大昔に大暴れした三柱の天種らしくて、彼らが縦横無尽に破壊の数々を撒き散らかす中で、数々の有用な道具や概念を生み出したとかどうとか…
例えば俺もお世話になっている「羅神器」もそうらしいし、他にも「百代禁書」やら「スキル」やら、色んなものを生み出したみたいだ。噂では「要塞都市」もその一つと噂されているらしい。
正直、俺目線ではあまり実感の湧かない存在である事に変わりは無い。他のメンバーに関しては、キアンを除き違うみたいだけど…
「それは何とやら…でもまたどうして?俺達よりも、ヴィオラの方が気を付けるべきなんじゃ?」
「そうだよ、身内に十界と内通してる裏切者抱えてたんだしさ」
「ぐっ…」
キアンの容赦ない指摘を受けて、たじろぐヴィオラ。
でも実際、俺達は特段「迷宮」や「魔種」と関係が深い訳でも無し、こちらから手を出さない限り遭遇する事すら無さそうだが…
「本当にそのようにお考えで?」
「いや、まさか。キアンと言う疫病神が居る中、そんな願っても無い話が実現する訳ないんだから」
「え?僕が悪いの?」
悪いかどうかは知らない。ただ何となく、今後も何らかの形でこれらに関わる可能性は高いなと感じていた。

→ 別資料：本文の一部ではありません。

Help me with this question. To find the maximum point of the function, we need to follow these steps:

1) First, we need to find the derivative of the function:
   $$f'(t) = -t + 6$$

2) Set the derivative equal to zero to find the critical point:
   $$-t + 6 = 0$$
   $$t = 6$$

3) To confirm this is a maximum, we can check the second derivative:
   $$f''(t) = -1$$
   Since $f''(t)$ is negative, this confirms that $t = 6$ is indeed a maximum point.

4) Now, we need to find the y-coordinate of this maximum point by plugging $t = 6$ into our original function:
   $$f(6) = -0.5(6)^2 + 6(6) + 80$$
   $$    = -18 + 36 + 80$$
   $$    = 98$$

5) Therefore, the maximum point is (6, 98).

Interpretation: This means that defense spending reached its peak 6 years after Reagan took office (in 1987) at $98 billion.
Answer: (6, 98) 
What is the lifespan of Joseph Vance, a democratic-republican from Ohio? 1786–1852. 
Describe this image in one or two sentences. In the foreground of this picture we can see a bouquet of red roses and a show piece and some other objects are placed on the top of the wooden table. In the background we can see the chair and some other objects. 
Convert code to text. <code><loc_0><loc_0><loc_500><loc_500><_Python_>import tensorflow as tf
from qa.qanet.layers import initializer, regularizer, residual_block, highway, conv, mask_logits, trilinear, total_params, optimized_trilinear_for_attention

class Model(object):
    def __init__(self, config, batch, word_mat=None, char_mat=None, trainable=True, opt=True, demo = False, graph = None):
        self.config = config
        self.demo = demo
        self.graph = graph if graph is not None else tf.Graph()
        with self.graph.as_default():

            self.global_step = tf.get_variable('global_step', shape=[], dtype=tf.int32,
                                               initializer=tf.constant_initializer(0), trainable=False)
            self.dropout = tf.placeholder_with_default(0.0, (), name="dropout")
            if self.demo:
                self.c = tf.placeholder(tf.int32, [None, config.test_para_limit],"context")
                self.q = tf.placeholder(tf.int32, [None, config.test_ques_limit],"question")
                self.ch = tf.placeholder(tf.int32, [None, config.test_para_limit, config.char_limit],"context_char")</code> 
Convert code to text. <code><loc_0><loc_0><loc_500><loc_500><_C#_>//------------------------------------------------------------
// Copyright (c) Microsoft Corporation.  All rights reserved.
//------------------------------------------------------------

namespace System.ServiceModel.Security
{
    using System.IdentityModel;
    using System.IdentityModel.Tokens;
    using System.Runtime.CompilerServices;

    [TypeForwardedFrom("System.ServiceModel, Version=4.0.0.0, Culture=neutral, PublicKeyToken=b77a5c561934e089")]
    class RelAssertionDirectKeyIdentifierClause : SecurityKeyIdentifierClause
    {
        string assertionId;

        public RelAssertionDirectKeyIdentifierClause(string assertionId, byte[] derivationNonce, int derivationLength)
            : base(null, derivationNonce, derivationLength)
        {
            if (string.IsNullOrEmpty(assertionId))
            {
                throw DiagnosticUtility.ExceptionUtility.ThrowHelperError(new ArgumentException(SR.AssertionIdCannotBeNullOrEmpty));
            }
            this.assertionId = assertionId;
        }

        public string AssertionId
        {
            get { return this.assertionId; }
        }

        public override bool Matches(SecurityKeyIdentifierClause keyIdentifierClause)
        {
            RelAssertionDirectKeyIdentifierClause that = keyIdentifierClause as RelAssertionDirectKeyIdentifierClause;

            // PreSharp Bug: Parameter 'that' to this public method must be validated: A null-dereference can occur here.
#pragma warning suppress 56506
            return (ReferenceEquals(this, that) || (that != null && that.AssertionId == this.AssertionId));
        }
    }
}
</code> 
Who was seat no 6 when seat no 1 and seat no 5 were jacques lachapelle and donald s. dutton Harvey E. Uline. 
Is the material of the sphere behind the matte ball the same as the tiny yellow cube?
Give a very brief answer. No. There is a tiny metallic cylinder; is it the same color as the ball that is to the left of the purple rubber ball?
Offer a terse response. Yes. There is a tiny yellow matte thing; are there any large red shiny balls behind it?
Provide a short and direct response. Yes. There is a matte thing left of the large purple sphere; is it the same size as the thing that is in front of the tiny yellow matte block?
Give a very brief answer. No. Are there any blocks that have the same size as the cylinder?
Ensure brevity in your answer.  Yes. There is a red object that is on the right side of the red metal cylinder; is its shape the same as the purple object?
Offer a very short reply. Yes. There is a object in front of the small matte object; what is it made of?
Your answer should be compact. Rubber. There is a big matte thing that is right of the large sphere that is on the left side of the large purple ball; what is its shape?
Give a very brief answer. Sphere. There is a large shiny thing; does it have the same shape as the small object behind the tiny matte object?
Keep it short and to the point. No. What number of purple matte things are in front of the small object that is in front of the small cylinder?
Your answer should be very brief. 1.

既に「虫型魔族」と遭遇して倒している時点で、手遅れかも知れないが…
「ああ、言いたい事が判った。大丈夫、ルナーシャ…否、ルーナの事は俺達に任せろ」
「まぁね。特に僕と関心は無駄に強いからね」
「本当、「無駄に」ですよね…特にキアン」
「ちょっと?こんな僕でも、何時かは役に立つかもしれないじゃん?」
「…そこまで理解して頂けるなら、後は言わなくても構いませんね?」
何やらイヴとキアンが横で戯れている中、ヴィオラから真っ直ぐに向けられた問いに俺は黙って頷く。全く以て、言われるまでも無い事だ。
これを受けて実に満足そうなヴィオラ。一度微笑んだ後、再び目を見開いたと思ったら、今度は彼女の方から俺に対して質問が飛んで来た。
「ところで関心…でしたか?貴方は何時まで、その教育に悪い格好で居続けるつもりなのかしら?」
…
この時俺は、初めてヴィオラ第一王女殿下を無性にぶん殴りたくなってしまったのであった。